I think important in what you said is that, listen, we're not waiting for regulation to take this proactive approach to responsibility, and I think, going through the process of that. I've heard you also mention that the regulation is needed, and we've said that.

Kevin Scott
EVP and CTO, Microsoft

Yeah.

Amy Hood
CFO, Microsoft

... as a company. How do you talk about that in your conversations?

Kevin Scott
EVP and CTO, Microsoft

Well, I think if you look at any sort of technology that has ubiquitous impact on society, like, there's always regulation. Like, my favorite metaphor is electricity. You can sort of think of these AI systems, I think, and like I hope in time, like, they will have similar sorts of impact, where, you know, 10, 15 years from now, you will just have a difficult time imagining how the world could function without them. If we get to that point, like you must expect that there's gonna be regulation. Like, you'll have regulation on the generation bit. Like, the same way that we have regulation on the power generators and the turbines and the generation facilities, like, we will have that for AI.

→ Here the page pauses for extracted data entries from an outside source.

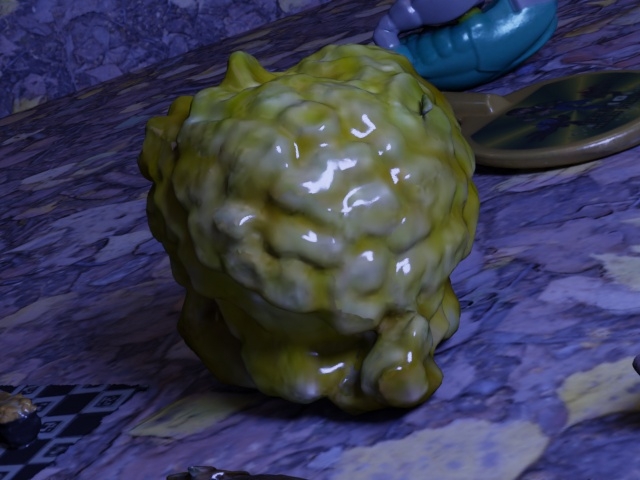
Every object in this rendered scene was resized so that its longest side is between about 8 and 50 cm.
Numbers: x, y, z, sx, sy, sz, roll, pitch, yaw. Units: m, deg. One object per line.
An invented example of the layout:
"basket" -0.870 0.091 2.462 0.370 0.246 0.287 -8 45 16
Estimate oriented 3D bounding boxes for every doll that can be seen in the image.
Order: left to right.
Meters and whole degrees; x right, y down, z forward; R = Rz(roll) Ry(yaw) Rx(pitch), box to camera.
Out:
"doll" 0.138 -0.243 1.405 0.258 0.153 0.195 -20 -11 -20

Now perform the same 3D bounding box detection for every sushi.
"sushi" -0.236 0.122 0.872 0.201 0.031 0.139 -6 21 35

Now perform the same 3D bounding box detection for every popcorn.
"popcorn" 0.000 0.000 0.770 0.205 0.252 0.237 -2 -28 -28

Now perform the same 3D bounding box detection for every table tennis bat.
"table tennis bat" 0.186 -0.114 1.163 0.198 0.050 0.320 -33 27 -35

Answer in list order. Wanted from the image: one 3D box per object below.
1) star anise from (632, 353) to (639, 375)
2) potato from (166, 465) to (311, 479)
"star anise" 0.259 0.041 0.555 0.212 0.073 0.197 -22 14 -4
"potato" -0.089 0.162 0.464 0.251 0.113 0.149 -17 16 2
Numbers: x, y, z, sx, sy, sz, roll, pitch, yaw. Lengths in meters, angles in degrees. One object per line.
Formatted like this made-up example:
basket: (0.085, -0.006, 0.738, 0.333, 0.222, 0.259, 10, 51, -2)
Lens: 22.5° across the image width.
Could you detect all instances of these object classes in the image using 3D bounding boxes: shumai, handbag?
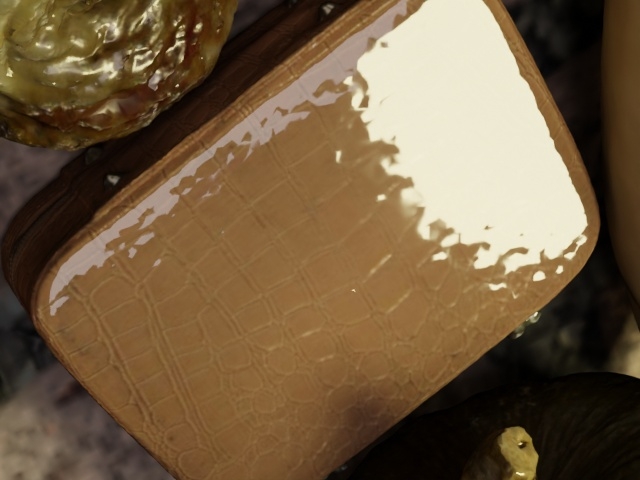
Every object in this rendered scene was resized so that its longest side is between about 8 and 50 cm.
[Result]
shumai: (-0.081, -0.097, 0.503, 0.123, 0.105, 0.139, -14, 118, -12)
handbag: (0.000, 0.000, 0.576, 0.193, 0.072, 0.151, -41, 114, -7)

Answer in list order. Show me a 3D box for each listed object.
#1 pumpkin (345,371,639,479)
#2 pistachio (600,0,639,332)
pumpkin: (0.077, 0.131, 0.552, 0.219, 0.219, 0.162, -29, 117, -9)
pistachio: (0.196, -0.060, 0.564, 0.187, 0.187, 0.299, -13, 114, -15)
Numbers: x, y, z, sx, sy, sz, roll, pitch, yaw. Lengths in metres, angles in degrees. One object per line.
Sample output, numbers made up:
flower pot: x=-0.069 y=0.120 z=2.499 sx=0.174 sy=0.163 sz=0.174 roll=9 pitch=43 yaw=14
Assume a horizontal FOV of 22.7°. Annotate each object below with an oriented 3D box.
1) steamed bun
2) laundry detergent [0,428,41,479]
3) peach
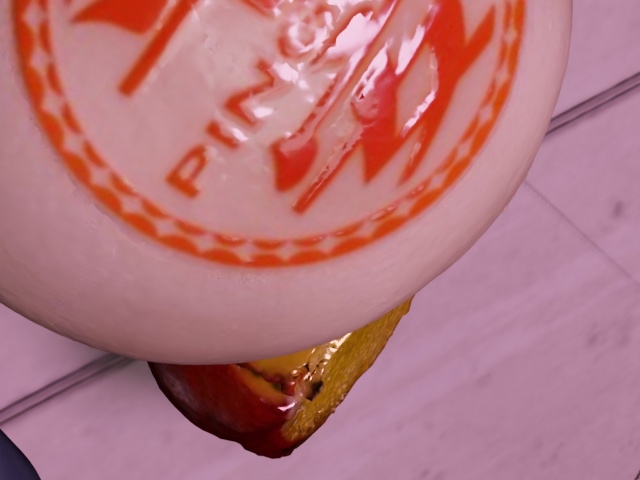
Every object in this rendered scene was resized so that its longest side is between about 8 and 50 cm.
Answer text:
steamed bun: x=-0.025 y=-0.074 z=0.480 sx=0.232 sy=0.145 sz=0.231 roll=-1 pitch=93 yaw=-20
laundry detergent: x=-0.168 y=0.040 z=0.538 sx=0.061 sy=0.097 sz=0.206 roll=-39 pitch=134 yaw=-11
peach: x=-0.006 y=-0.003 z=0.615 sx=0.172 sy=0.092 sz=0.127 roll=-61 pitch=166 yaw=7
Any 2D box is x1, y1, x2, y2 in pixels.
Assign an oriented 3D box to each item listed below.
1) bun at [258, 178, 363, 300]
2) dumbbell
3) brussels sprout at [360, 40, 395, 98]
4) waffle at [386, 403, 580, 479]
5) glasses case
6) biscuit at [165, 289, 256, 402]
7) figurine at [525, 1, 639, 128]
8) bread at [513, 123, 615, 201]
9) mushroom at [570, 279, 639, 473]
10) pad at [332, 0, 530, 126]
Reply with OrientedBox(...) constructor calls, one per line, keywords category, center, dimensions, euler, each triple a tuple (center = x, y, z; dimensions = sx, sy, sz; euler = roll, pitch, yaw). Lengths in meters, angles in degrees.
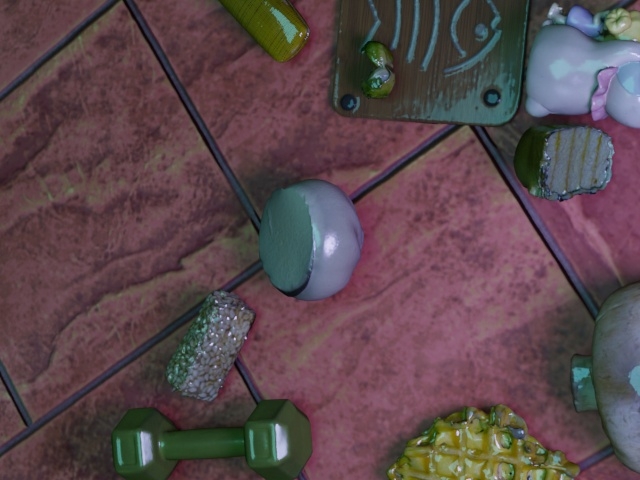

Like, there will probably be regulation on distribution, as there is with electricity, and there will be regulation on, like, the sort of endpoint of the technology, like, where it actually gets delivered into, you know, like into a product that a user is touching. I don't know exactly what that regulation will look like. You know, Brad did a really brilliant job, I think, a couple of weeks ago, articulating, like, what our initial point of view is. We also believe that, you know, there's gonna be a lot of debate and public conversation about what it is the regulation really needs to be. Like, I...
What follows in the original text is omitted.